*** Opening of DATA SHOWN ***
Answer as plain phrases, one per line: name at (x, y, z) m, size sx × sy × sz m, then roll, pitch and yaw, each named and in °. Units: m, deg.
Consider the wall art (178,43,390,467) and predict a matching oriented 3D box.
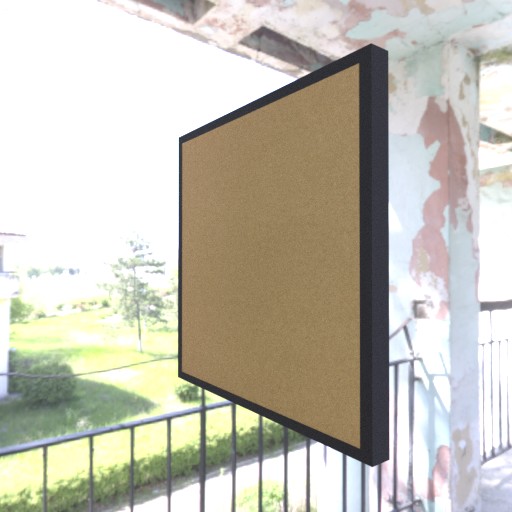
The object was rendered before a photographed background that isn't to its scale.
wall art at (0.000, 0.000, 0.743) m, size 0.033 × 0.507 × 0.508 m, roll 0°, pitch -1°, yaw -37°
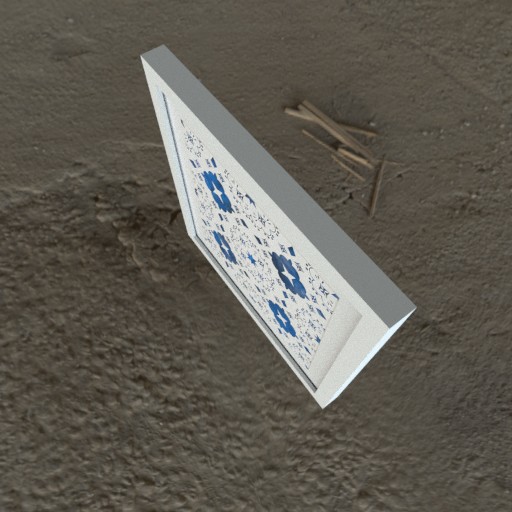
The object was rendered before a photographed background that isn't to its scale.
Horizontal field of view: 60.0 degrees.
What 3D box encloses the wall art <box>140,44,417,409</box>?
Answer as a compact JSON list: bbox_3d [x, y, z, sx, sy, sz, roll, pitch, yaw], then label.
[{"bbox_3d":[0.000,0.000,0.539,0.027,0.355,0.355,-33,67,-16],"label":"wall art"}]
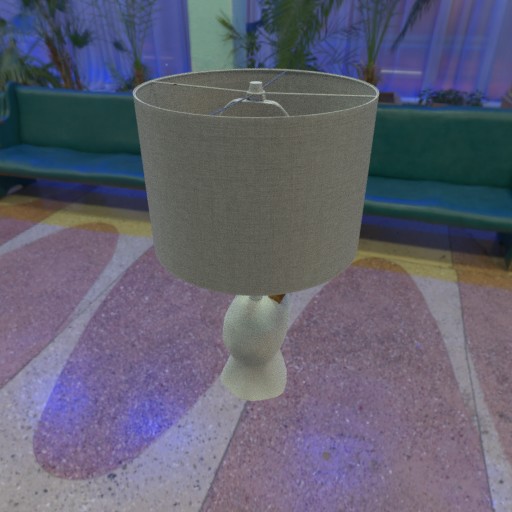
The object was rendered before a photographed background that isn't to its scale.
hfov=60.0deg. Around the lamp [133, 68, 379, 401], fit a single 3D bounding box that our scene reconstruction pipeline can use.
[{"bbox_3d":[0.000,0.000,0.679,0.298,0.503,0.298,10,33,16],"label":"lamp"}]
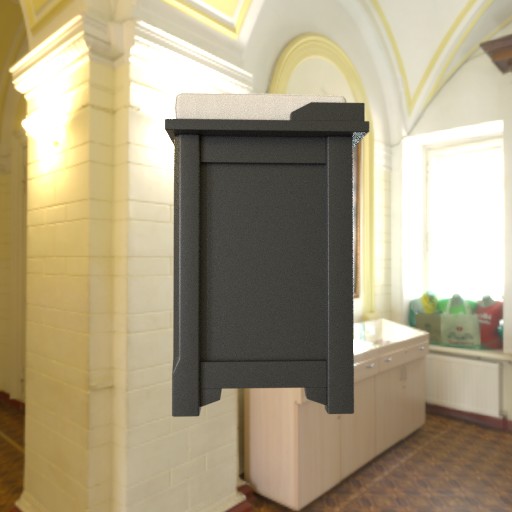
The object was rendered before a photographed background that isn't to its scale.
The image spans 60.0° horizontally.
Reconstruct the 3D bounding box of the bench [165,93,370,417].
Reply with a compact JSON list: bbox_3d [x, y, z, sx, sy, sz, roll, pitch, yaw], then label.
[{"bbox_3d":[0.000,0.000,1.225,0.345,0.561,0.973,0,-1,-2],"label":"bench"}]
*** Close of DATA SHOWN ***
*** Opening of DATA SHOWN ***
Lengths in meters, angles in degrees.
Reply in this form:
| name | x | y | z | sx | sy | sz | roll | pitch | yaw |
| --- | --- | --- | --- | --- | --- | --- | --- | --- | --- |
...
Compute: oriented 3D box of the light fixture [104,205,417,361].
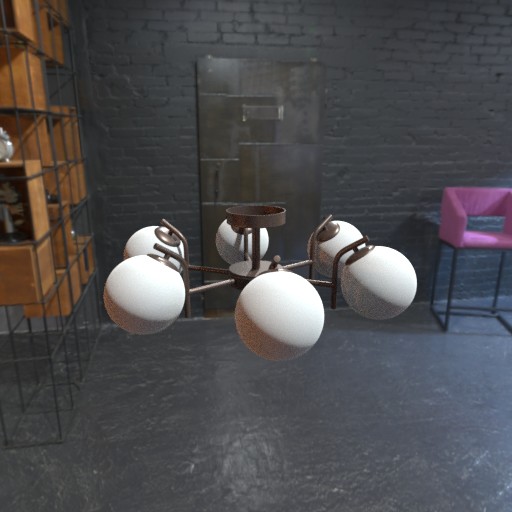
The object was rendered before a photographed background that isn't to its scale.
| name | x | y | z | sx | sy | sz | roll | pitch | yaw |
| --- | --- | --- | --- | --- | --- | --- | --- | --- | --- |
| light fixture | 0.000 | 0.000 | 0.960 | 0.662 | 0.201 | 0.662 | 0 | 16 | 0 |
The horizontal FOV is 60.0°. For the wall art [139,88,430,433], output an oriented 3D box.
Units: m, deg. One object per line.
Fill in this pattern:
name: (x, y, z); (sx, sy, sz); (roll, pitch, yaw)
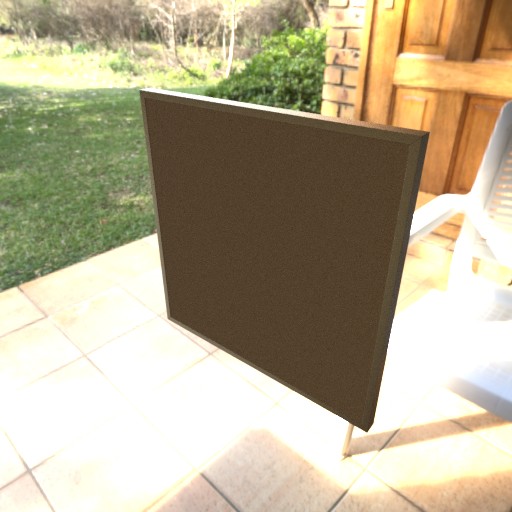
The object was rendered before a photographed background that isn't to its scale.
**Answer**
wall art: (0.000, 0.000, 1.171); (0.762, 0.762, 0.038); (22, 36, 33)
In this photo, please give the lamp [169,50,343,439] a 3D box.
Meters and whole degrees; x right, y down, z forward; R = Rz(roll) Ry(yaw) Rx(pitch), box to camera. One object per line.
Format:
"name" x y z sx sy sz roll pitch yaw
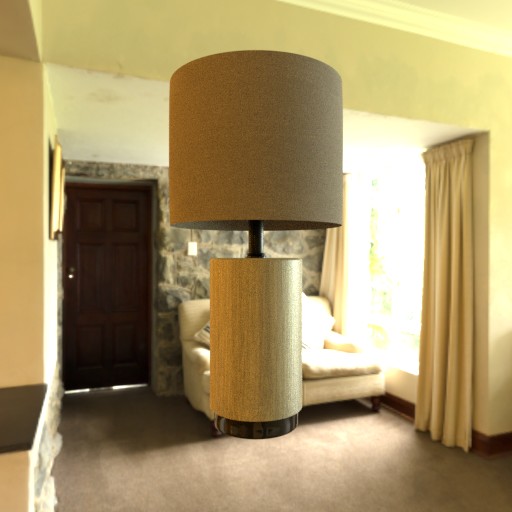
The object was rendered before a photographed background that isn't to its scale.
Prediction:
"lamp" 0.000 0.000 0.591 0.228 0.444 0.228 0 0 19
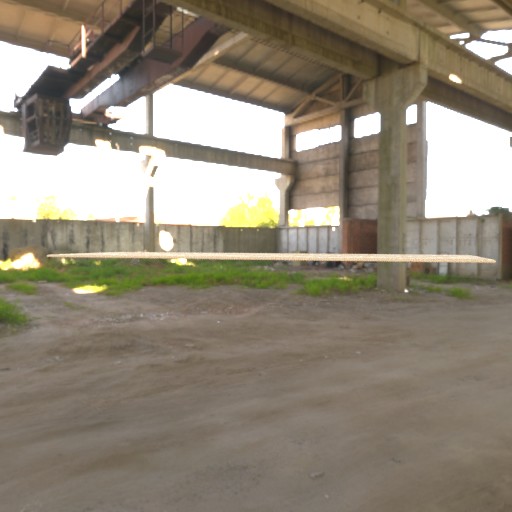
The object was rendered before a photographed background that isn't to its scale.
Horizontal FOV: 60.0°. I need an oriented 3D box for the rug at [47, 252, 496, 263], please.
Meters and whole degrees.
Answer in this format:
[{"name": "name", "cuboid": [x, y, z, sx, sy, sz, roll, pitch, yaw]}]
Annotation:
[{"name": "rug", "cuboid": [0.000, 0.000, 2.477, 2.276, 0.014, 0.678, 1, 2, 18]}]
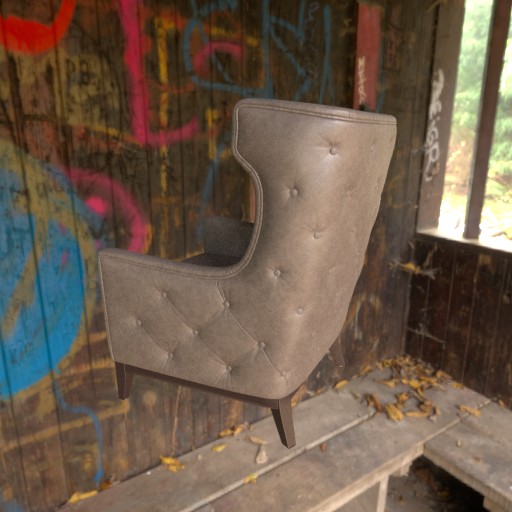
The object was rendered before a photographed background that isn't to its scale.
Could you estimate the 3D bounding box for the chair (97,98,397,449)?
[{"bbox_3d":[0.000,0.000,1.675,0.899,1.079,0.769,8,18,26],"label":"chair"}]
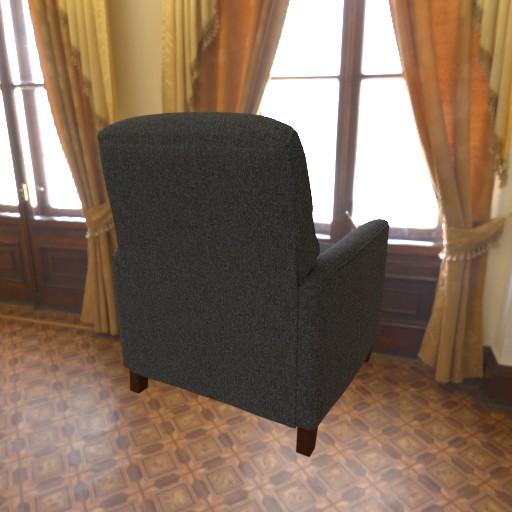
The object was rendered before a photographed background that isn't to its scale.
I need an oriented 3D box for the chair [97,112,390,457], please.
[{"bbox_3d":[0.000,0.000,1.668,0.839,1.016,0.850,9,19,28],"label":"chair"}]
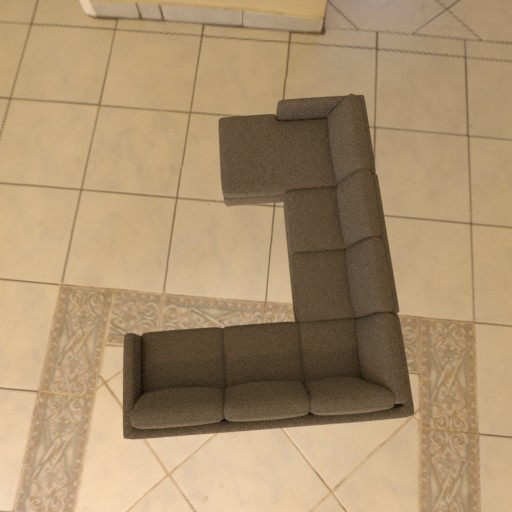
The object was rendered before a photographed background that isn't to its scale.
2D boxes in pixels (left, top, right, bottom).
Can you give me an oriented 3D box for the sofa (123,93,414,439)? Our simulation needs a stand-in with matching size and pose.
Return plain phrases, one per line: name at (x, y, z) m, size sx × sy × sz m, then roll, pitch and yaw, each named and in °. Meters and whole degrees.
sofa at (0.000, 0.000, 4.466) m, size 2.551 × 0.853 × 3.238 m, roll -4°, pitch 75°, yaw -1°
*** Close of DATA SHOWN ***
> **GOAL OF THE EXERCISE**
Search the records above for "right". Copy each line where it is found.

> **RESPONSE BOX**
Meters and whole degrees; x right, y down, z forward; R = Rz(roll) Ry(yaw) Rx(pitch), box to camera. One object per line.
2D boxes in pixels (left, top, right, bottom).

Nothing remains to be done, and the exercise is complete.